>>>

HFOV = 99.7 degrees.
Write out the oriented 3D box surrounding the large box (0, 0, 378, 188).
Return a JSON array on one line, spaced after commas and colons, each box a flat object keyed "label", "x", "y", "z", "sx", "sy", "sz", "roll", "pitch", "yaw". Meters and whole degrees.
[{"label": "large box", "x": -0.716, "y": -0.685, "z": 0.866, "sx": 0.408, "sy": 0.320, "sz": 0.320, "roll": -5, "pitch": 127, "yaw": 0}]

<<<
>>>

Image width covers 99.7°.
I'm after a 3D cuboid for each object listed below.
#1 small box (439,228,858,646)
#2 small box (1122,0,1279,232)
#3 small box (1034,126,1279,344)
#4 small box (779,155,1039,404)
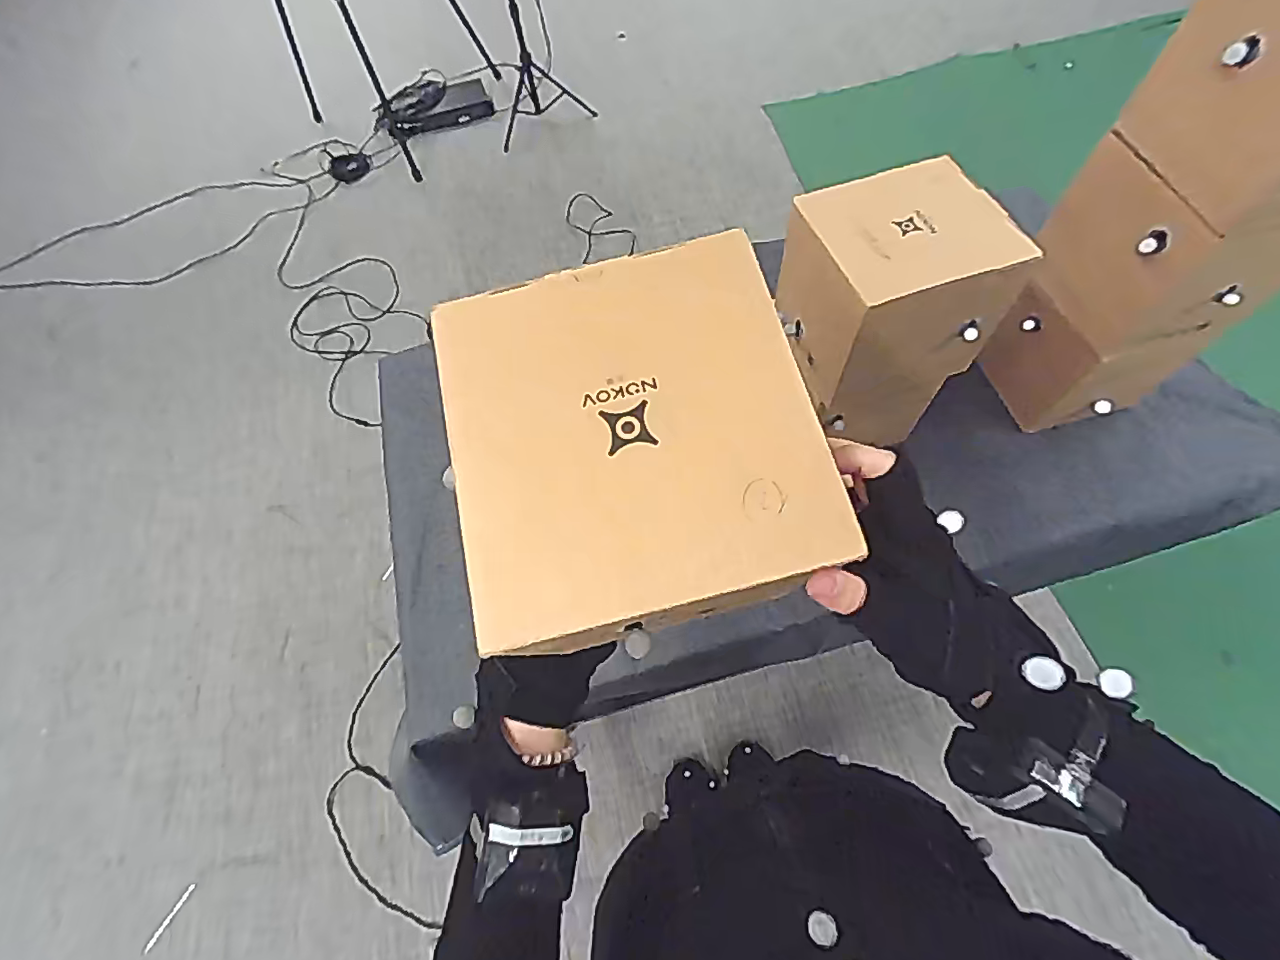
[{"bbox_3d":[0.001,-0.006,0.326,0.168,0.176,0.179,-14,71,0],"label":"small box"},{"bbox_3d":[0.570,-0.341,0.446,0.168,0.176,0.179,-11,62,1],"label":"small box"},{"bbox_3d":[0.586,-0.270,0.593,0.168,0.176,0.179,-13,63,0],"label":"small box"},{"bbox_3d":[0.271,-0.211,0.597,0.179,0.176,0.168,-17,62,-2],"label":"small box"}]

<<<

- _TASK OBJECTIVE_
Please output exactly the lines between the one holding "HFOV = 99.7 degrees." and the one holding "Write out the" in the records above, inclusive, and nothing more.

- _ANSWER TO THE PROBLEM_
HFOV = 99.7 degrees.
Write out the oriented 3D box surrounding the large box (0, 0, 378, 188).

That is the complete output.